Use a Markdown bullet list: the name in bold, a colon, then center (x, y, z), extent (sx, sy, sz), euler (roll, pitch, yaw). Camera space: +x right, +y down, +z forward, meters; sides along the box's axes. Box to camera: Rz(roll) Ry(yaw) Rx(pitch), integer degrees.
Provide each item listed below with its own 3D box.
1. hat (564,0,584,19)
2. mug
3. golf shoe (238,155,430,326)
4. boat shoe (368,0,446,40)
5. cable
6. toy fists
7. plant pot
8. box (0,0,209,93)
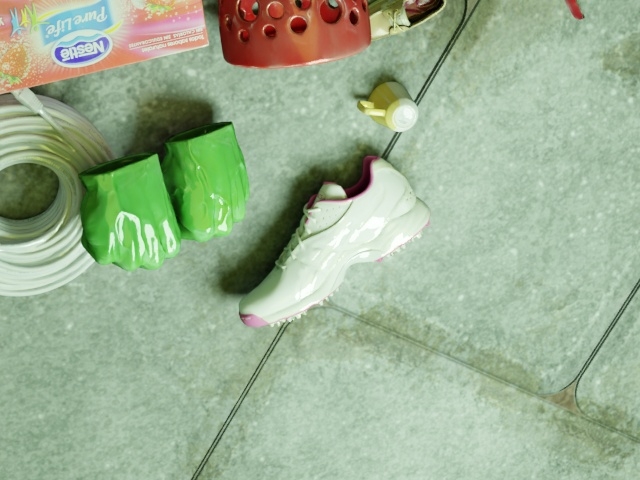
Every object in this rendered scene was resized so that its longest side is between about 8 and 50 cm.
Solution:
- **hat**: center (0.269, -0.402, 1.917), extent (0.173, 0.183, 0.208), euler (-24, 76, -18)
- **mug**: center (0.097, -0.175, 1.933), extent (0.078, 0.064, 0.062), euler (-28, 119, -5)
- **golf shoe**: center (0.000, 0.000, 1.961), extent (0.306, 0.115, 0.140), euler (-35, 108, -9)
- **boat shoe**: center (0.106, -0.303, 1.891), extent (0.135, 0.045, 0.050), euler (-29, 118, -5)
- **cable**: center (-0.383, -0.060, 1.804), extent (0.257, 0.089, 0.257), euler (35, 98, -29)
- **toy fists**: center (-0.198, -0.052, 1.813), extent (0.279, 0.096, 0.142), euler (-28, 110, -48)
- **plant pot**: center (-0.038, -0.316, 1.755), extent (0.191, 0.191, 0.174), euler (-12, 113, -14)
- **box**: center (-0.303, -0.286, 1.698), extent (0.300, 0.154, 0.142), euler (-15, 117, -14)
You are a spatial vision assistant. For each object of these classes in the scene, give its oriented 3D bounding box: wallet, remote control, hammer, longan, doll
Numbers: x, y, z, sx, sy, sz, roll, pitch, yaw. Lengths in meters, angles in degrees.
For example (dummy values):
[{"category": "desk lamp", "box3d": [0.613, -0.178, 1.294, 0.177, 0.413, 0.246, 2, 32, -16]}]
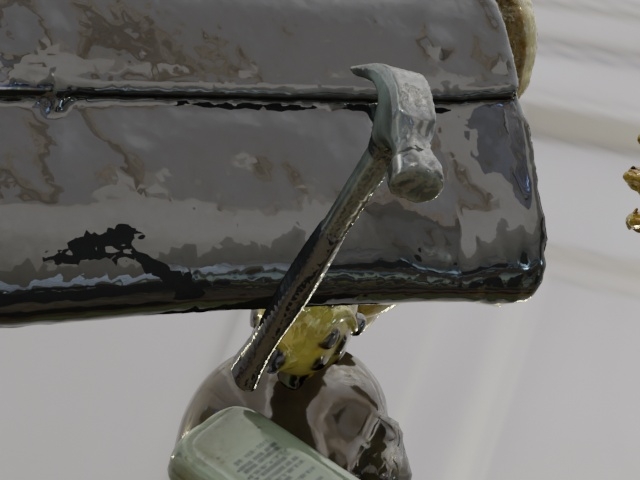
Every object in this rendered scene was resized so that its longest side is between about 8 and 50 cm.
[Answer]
[{"category": "wallet", "box3d": [-0.045, -0.064, 1.167, 0.406, 0.228, 0.062, -1, -13, -32]}, {"category": "remote control", "box3d": [0.023, 0.205, 1.274, 0.309, 0.090, 0.038, 29, -43, 30]}, {"category": "hammer", "box3d": [0.000, 0.000, 1.016, 0.029, 0.103, 0.246, 12, -42, -20]}, {"category": "longan", "box3d": [-0.018, 0.166, 1.458, 0.204, 0.185, 0.159, 9, -26, 37]}, {"category": "doll", "box3d": [0.013, 0.040, 1.460, 0.086, 0.117, 0.291, 23, 17, 12]}]

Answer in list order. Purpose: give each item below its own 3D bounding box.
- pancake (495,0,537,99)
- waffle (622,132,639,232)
[{"category": "pancake", "box3d": [0.100, -0.147, 1.404, 0.139, 0.139, 0.022, 13, 13, 21]}, {"category": "waffle", "box3d": [0.356, -0.031, 1.484, 0.228, 0.231, 0.051, 60, -10, -3]}]

____

**What is expected:**
Here the records must be restated exactly, minus any images.

**Answer space:**
Use a Markdown bullet list: the name in bold, a colon, then center (x, y, z), extent (sx, sy, sz), euler (roll, pitch, yaw). Camera space: +x right, +y down, +z forward, meters; sides along the box's axes. Box to camera: Rz(roll) Ry(yaw) Rx(pitch), integer degrees.
Provide each item listed below with its own 3D box.
1. hat (564,0,584,19)
2. mug
3. golf shoe (238,155,430,326)
4. boat shoe (368,0,446,40)
5. cable
6. toy fists
7. plant pot
8. box (0,0,209,93)
Every object in this rendered scene was resized so that its longest side is between about 8 and 50 cm.
Solution:
- **hat**: center (0.269, -0.402, 1.917), extent (0.173, 0.183, 0.208), euler (-24, 76, -18)
- **mug**: center (0.097, -0.175, 1.933), extent (0.078, 0.064, 0.062), euler (-28, 119, -5)
- **golf shoe**: center (0.000, 0.000, 1.961), extent (0.306, 0.115, 0.140), euler (-35, 108, -9)
- **boat shoe**: center (0.106, -0.303, 1.891), extent (0.135, 0.045, 0.050), euler (-29, 118, -5)
- **cable**: center (-0.383, -0.060, 1.804), extent (0.257, 0.089, 0.257), euler (35, 98, -29)
- **toy fists**: center (-0.198, -0.052, 1.813), extent (0.279, 0.096, 0.142), euler (-28, 110, -48)
- **plant pot**: center (-0.038, -0.316, 1.755), extent (0.191, 0.191, 0.174), euler (-12, 113, -14)
- **box**: center (-0.303, -0.286, 1.698), extent (0.300, 0.154, 0.142), euler (-15, 117, -14)
You are a spatial vision assistant. For each object of these classes in the scene, give its oriented 3D bounding box: wallet, remote control, hammer, longan, doll
Numbers: x, y, z, sx, sy, sz, roll, pitch, yaw. Lengths in meters, angles in degrees.
For example (dummy values):
[{"category": "desk lamp", "box3d": [0.613, -0.178, 1.294, 0.177, 0.413, 0.246, 2, 32, -16]}]
Every object in this rendered scene was resized so that its longest side is between about 8 and 50 cm.
[Answer]
[{"category": "wallet", "box3d": [-0.045, -0.064, 1.167, 0.406, 0.228, 0.062, -1, -13, -32]}, {"category": "remote control", "box3d": [0.023, 0.205, 1.274, 0.309, 0.090, 0.038, 29, -43, 30]}, {"category": "hammer", "box3d": [0.000, 0.000, 1.016, 0.029, 0.103, 0.246, 12, -42, -20]}, {"category": "longan", "box3d": [-0.018, 0.166, 1.458, 0.204, 0.185, 0.159, 9, -26, 37]}, {"category": "doll", "box3d": [0.013, 0.040, 1.460, 0.086, 0.117, 0.291, 23, 17, 12]}]

Answer in list order. Purpose: give each item below its own 3D bounding box.
- pancake (495,0,537,99)
- waffle (622,132,639,232)
[{"category": "pancake", "box3d": [0.100, -0.147, 1.404, 0.139, 0.139, 0.022, 13, 13, 21]}, {"category": "waffle", "box3d": [0.356, -0.031, 1.484, 0.228, 0.231, 0.051, 60, -10, -3]}]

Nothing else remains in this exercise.